Below, create a graph using the `Environment` state defined above. Wire together the
virtual user and your chat bot, including a conditional `should_continue` edge to
handle the stopping behavior.

In [7]:
graph_builder = StateGraph(Environment)
graph_builder.add_node("user", virtual_user)
graph_builder.add_node(
    "chat_bot",
    # The "|" syntax composes these steps in the pipeline to map between
    # the simulation state and your chat bot's API
    get_messages_for_agent | my_chat_bot | get_response_message_from_agent,
)
# Every response from  your chat bot will automatically go to the
# simulated user
graph_builder.add_edge("chat_bot", "user")

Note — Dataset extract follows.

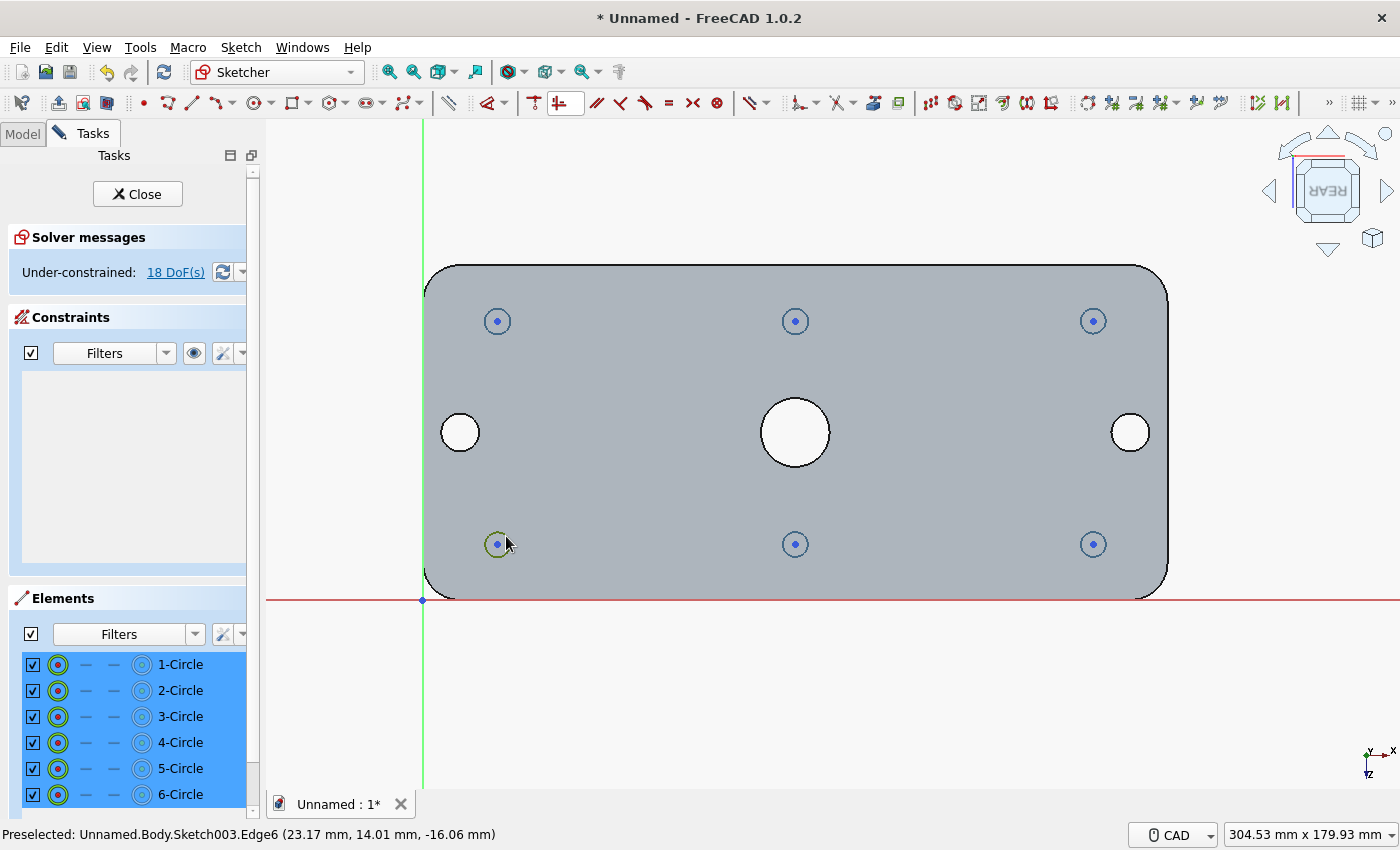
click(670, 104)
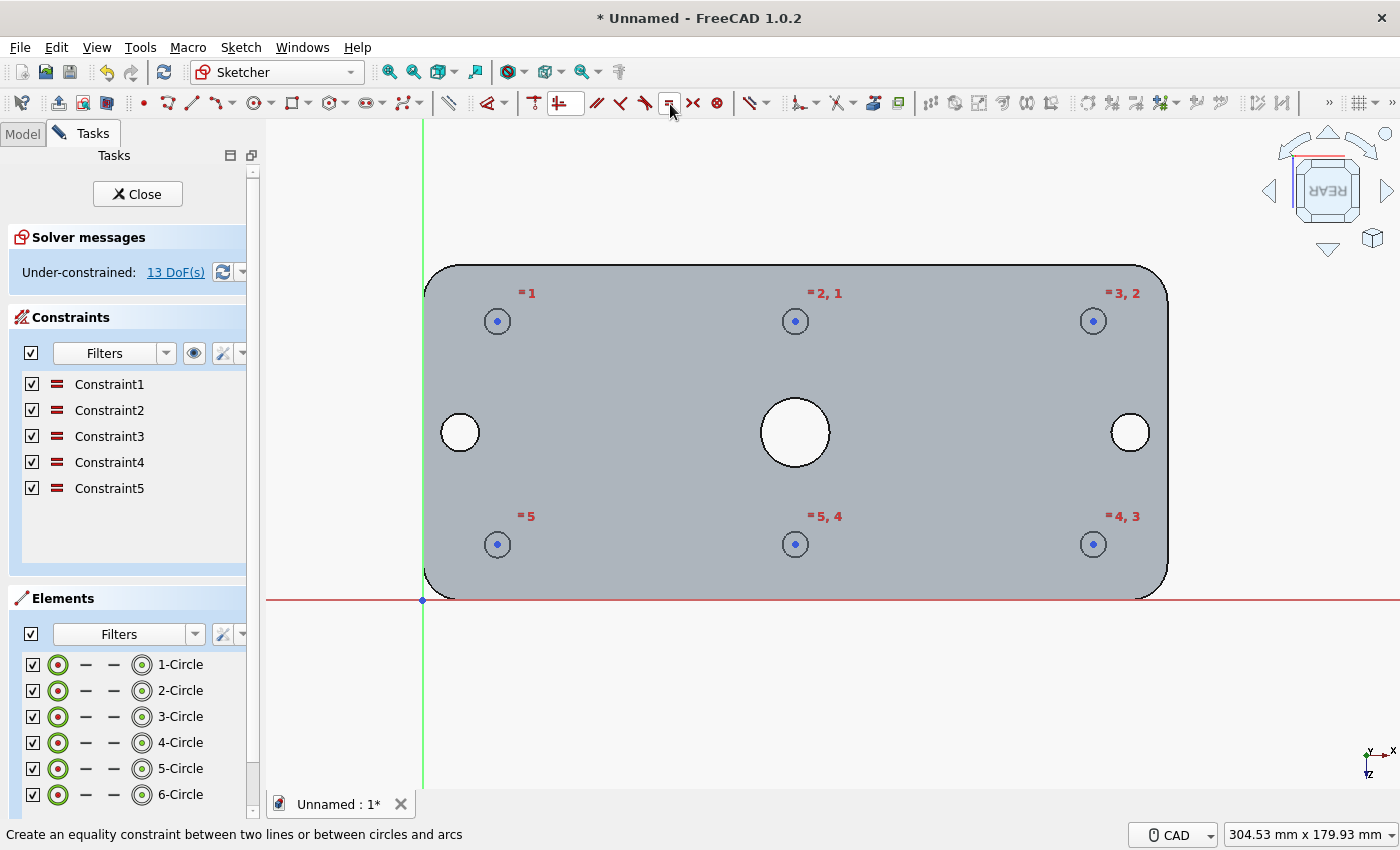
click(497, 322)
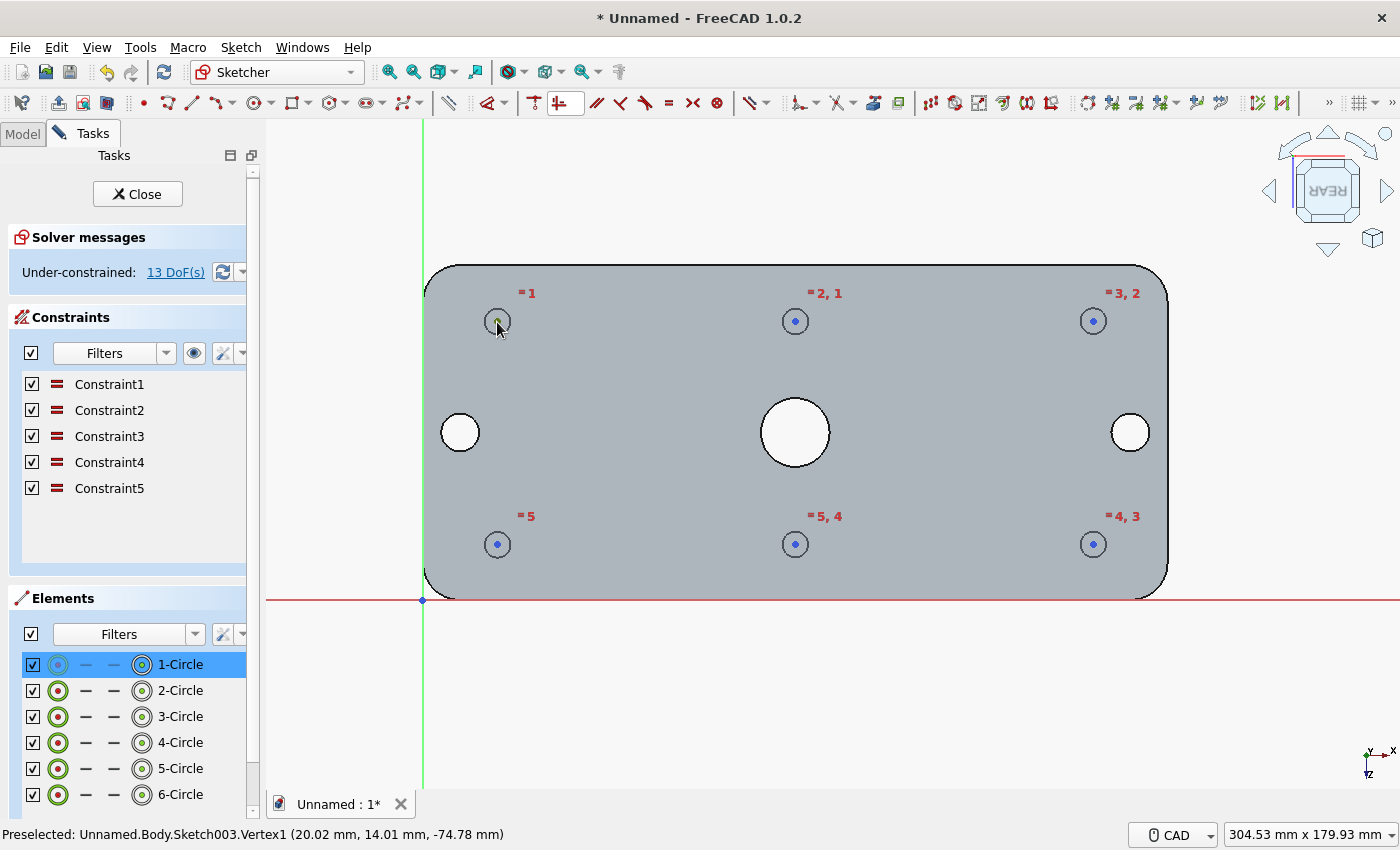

# Recall that we instructed the simulated user to respond "FINISHED" when
# it is done with the conversation. This function
# parses that output and tells the graph to cease execution.
# You can add other heuristics here for more control.
def should_continue(state: Environment):
    """Determine if the simulation should continue."""
    if state["messages"][-1].content.strip().endswith("FINISHED"):
        return "end"
    return "continue"


graph_builder.add_conditional_edges(
    # Every time the "user" node completes ...
    "user",
    # Call this function ...
    should_continue,
    # And based on the outputs of should_continue ...
    {
        # End the simulation OR
        "end": END,
        # continue to the chat_bot node
        "continue": "chat_bot",
    },
)
# The input will first go to your chat bot
graph_builder.set_entry_point("chat_bot")
simulation = graph_builder.compile()

## 4. Run Simulation

Now we can evaluate our chat bot! We will provide information about the simulated user (as a system prompt)
as well as the initial input message from that simulated user to the chat bot.

In [8]:
result = simulation.invoke(
    {
        "system_prompt": "You are on a budget. Your family is hard to please."
        " They all like the beach, except for Aunt Lily, who prefers the mountains.",
        "messages": [
            HumanMessage(
                content="help me plan my family vacation", name=SIMULATED_USER_NAME
            )
        ],
    }
)

In [10]:
# These are the message from the final simulation state
result["messages"]

[HumanMessage(content='help me plan my family vacation', name='simulated'),
 HumanMessage(content="Of course! I'd be happy to help you plan your family vacation. To assist you better, could you please provide some information about your preferences and interests? Include details like the duration of the trip, budget, destination preferences, and any specific activities or landmarks you'd like to include in your itinerary."),
 HumanMessage(content="Oh, planning a family vacation can be quite the task, right? Especially when everyone has different preferences. Well, my family is pretty similar. We're always on a budget, and it can be tough to please everyone. Usually, we end up somewhere by the beach because most of the family loves it, but then there's Aunt Lily who's always campaigning for the mountains.\n\nI've found that the trick is to compromise and maybe find a place that has a bit of both. You know, like a coastal area that has access to some nature trails or a scenic mountain sp

## (Optional) Review Results

If you've traced the run, you can see the full simulation trace in the LangSmith UI by going to the `Agent Simulation Evaluation` project.

Select the last 'ChatOpenAI' call in the trace to see the full conversation in a single view.

![full-conversation](./img/virtual_user_full_convo.png)


From this run, you can manually annotate it to score its quality. This feedback can be used to compare the quality of different versions of your chat bot.

![annotate](./img/virtual_user_annotate.png)

## Conclusion

In this notebook, you set up a multi-agent simulation to review how your chat bot behaves with simulated users.

To implement this for your chat bot, you can create a dataset of user profiles and questions your chat bot should handle and run periodically. You can use an LLM-as-judge to give the bot an initial score and then manually review to spot check. 

LangGraph gives you full control over the simulation so you can manually change the simulated user and the conversation dynamics.